Remove all objects from workspace.

Load add-on packages - deSolve - contains lsoda function - differential equation solver.

Function to compute derivatives of the differential equations.

seir_model = function (current_timepoint, state_values, parameters)
{  
  # create state variables (local variables)
  S = state_values [1]        # susceptibles
  E = state_values [2]        # exposure
  I = state_values [3]        # infectious
  R = state_values [4]        # recovered
  
  with (as.list (parameters), # variable names within parameters can be used 
         { # compute derivatives
           dS = (-beta * S * I)
           dE = ( beta * S * I) - (delta * E)
           dI = ( delta * E ) - (gamma * I)
           dR = ( gamma * I)
           
           # combine results
           results = c (dS, dE, dI, dR)
           list (results)
         } 
        )
}

Define Parameters

transmission_rate = beta_value =  0.7   # transmission rate per day
infectious_period = 4.5                 # infectious period
latent_period = 1.9                     # latent period
gamma_value = 1 / infectious_period     # per day
delta_value = 1 / latent_period         # per day
vaccine_compliance = 0    # basecase 
vaccine_efficacy = 0.5    # vaccine efficacy

vac.total = vaccine_efficacy * vaccine_compliance

Disease dynamics parameters.

parameter_list = c (beta = beta_value, gamma = gamma_value, delta = delta_value)

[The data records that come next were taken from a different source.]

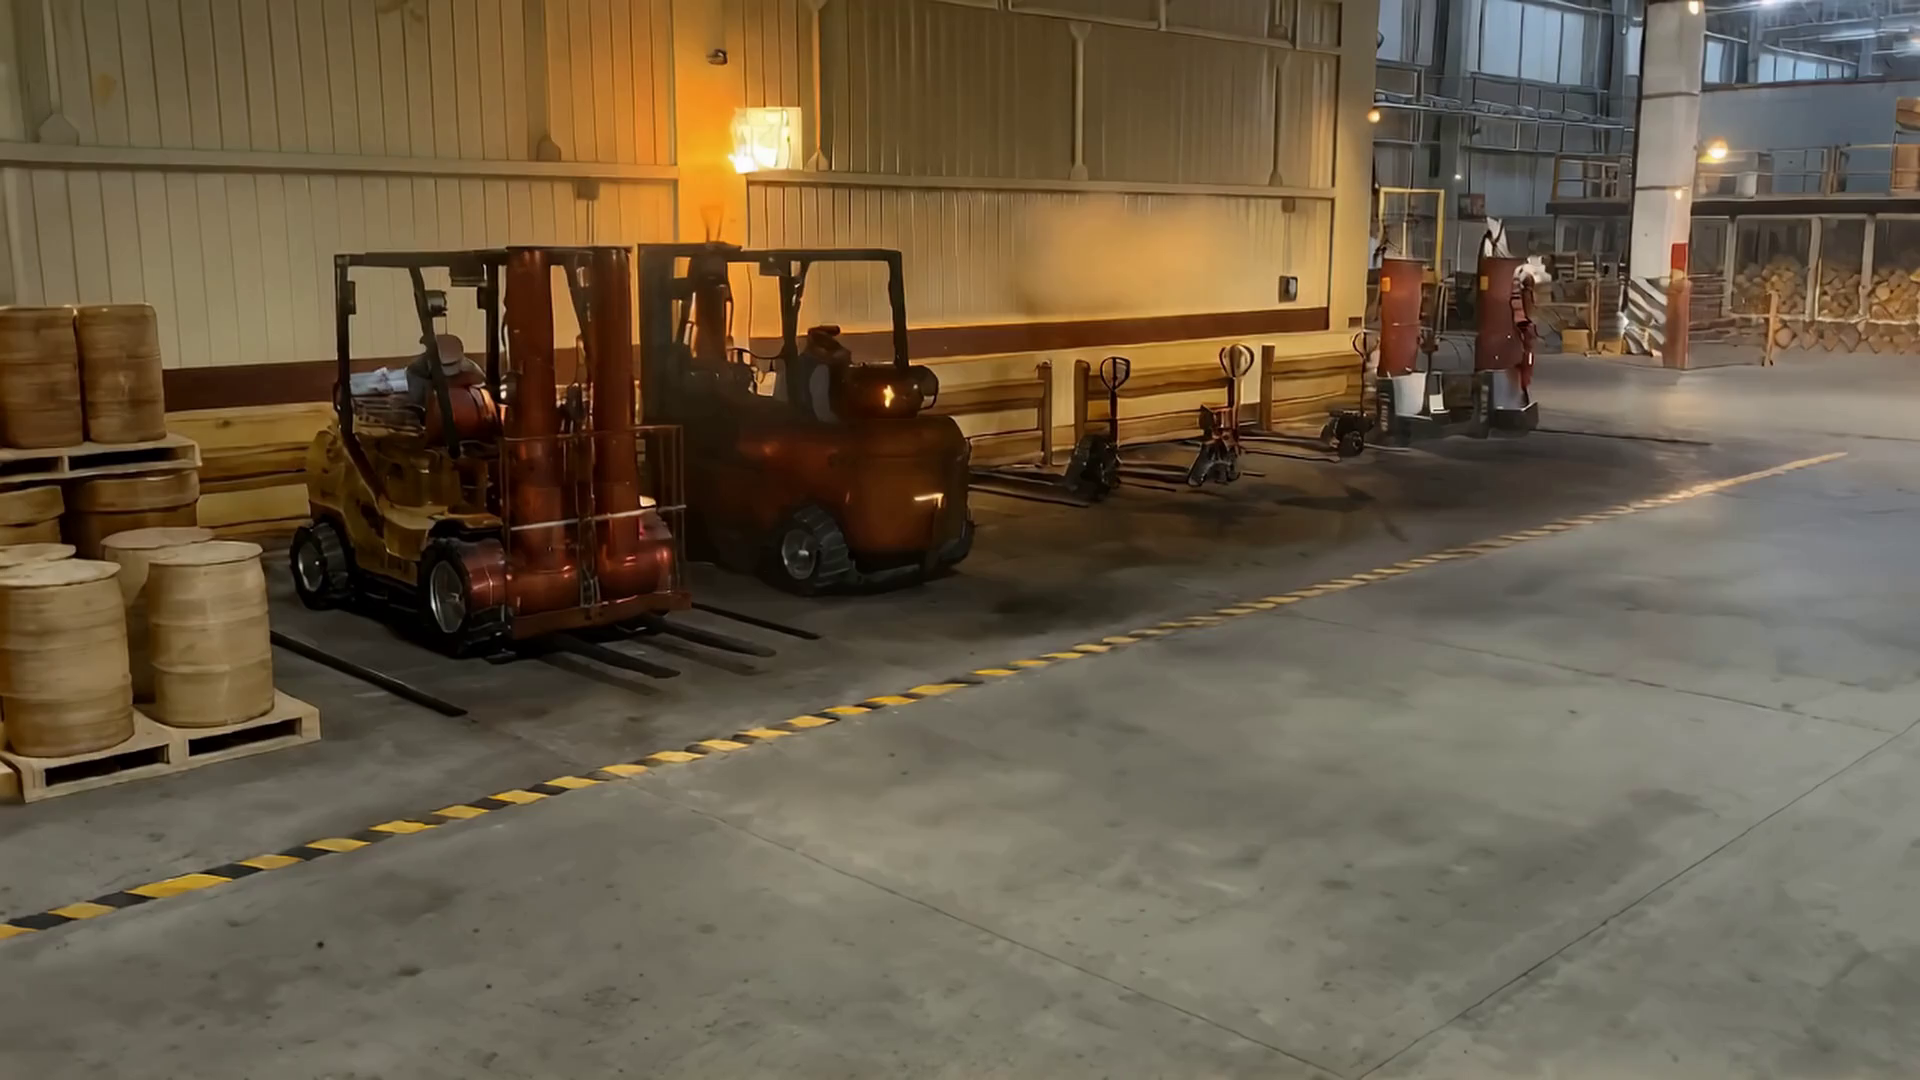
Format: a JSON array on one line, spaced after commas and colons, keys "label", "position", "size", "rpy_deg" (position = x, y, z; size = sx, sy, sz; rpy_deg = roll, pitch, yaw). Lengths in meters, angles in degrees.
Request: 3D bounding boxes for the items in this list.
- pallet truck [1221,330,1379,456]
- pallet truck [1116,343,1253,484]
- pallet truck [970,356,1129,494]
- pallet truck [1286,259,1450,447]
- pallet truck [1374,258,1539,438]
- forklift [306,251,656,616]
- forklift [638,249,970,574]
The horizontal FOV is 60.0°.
[{"label": "pallet truck", "position": [3.563, -1.581, 17.381], "size": [0.653, 1.274, 1.630], "rpy_deg": [-10, 14, -44]}, {"label": "pallet truck", "position": [1.962, -1.215, 15.415], "size": [1.522, 1.261, 0.704], "rpy_deg": [10, 14, 43]}, {"label": "pallet truck", "position": [0.784, -1.085, 14.876], "size": [0.680, 1.201, 1.601], "rpy_deg": [-10, 14, -44]}, {"label": "pallet truck", "position": [4.493, -2.078, 18.196], "size": [0.823, 1.965, 1.885], "rpy_deg": [-9, 14, -40]}, {"label": "pallet truck", "position": [5.704, -2.208, 18.901], "size": [1.885, 1.965, 0.823], "rpy_deg": [10, 14, 43]}, {"label": "forklift", "position": [-2.833, -0.669, 9.694], "size": [1.157, 1.987, 2.680], "rpy_deg": [-10, 14, -44]}, {"label": "forklift", "position": [-1.173, -0.958, 11.239], "size": [2.680, 1.987, 1.157], "rpy_deg": [10, 14, 43]}]
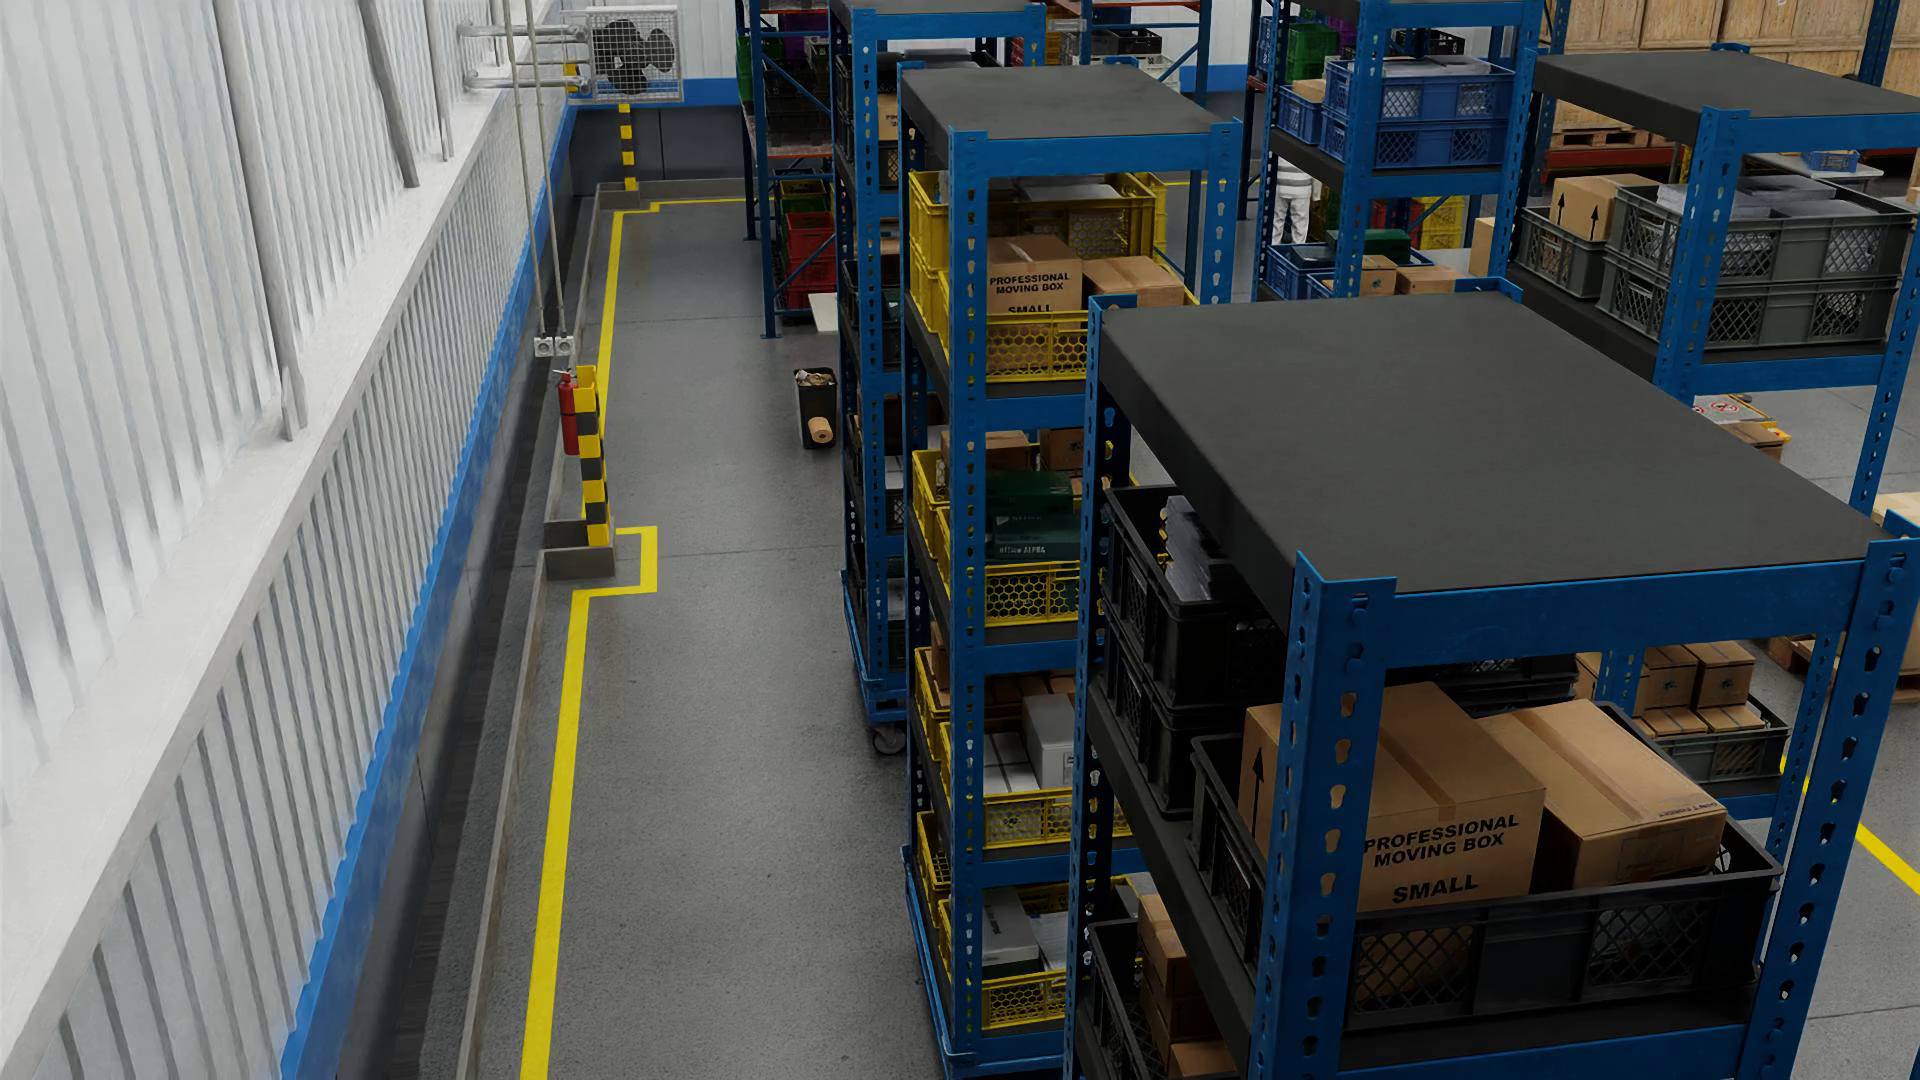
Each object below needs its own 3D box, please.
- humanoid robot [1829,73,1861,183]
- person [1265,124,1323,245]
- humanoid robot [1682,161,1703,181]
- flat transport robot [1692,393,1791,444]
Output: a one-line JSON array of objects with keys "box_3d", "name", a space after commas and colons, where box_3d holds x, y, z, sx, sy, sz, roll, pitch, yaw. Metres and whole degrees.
[{"box_3d": [9.089, -4.011, 17.314, 0.603, 1.657, 0.316, -14, 28, -27], "name": "humanoid robot"}, {"box_3d": [3.049, -3.190, 15.304, 0.574, 1.882, 0.356, 11, 27, 23], "name": "person"}, {"box_3d": [7.375, -3.663, 16.560, 0.331, 1.657, 0.584, 5, 25, 10], "name": "humanoid robot"}, {"box_3d": [5.224, -0.859, 12.132, 1.431, 0.197, 0.652, -4, 25, -8], "name": "flat transport robot"}]
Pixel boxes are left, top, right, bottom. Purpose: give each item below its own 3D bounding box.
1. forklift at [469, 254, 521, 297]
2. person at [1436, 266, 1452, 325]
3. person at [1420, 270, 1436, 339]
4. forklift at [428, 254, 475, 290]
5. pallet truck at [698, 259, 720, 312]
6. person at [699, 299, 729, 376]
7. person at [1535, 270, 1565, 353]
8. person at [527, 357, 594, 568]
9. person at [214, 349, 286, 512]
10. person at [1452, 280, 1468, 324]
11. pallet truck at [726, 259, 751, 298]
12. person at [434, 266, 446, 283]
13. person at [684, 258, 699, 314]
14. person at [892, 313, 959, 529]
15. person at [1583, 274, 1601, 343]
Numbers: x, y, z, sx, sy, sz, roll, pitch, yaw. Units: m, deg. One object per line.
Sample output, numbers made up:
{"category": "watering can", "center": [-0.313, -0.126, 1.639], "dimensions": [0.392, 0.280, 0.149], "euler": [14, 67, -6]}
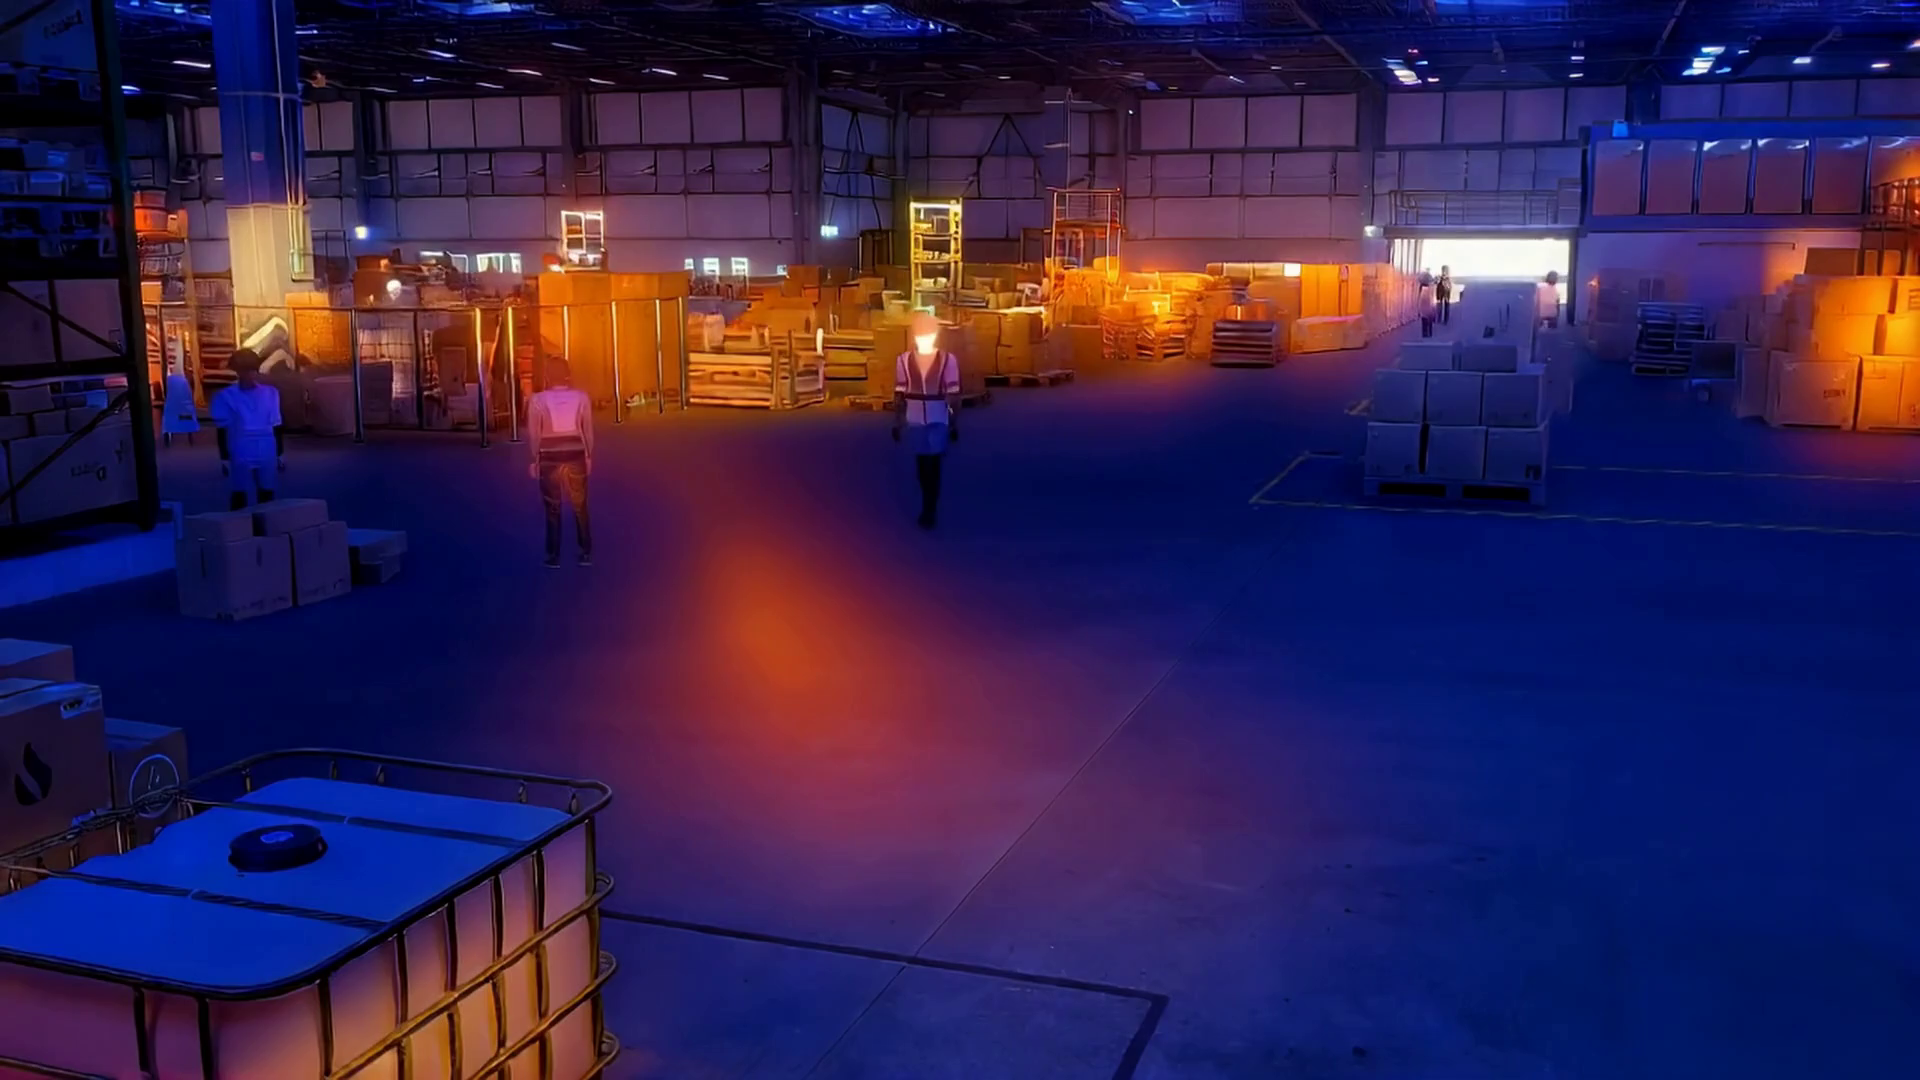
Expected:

Initial values for sub-populations.

X = 9999        # susceptible hosts
Y = 1           # infectious hosts
Z = 0           # recovered hosts
W = 0           # exposure host

Compute total population.

N = X + Y + Z + W

Initial state values for the differential equations.

initial_values = c(S=(X*(1-vac.total))/N,E=W/N,I=Y/N,R=(Z+X*vac.total)/N)

Output timepoints.

timepoints = seq (0, 100, by=1)

Simulate the SEIR epidemic.

output = lsoda (initial_values, timepoints, seir_model, parameter_list)

Basecase plot

plot(S~time,data=output,type="l",lwd=2,col=1,ylab="",ylim=c(0,1),main="Basecase")
lines(E~time,data=output,type="l",lwd=2,col=2,ylab="")
lines(I~time,data=output,type="l",lwd=2,col=3,ylab="")
lines(R~time,data=output,type="l",lwd=2,col=4,ylab="")
legend("right",legend=c("S","E","I","R"),col=c(1,2,3,4),lwd=2,cex=0.7)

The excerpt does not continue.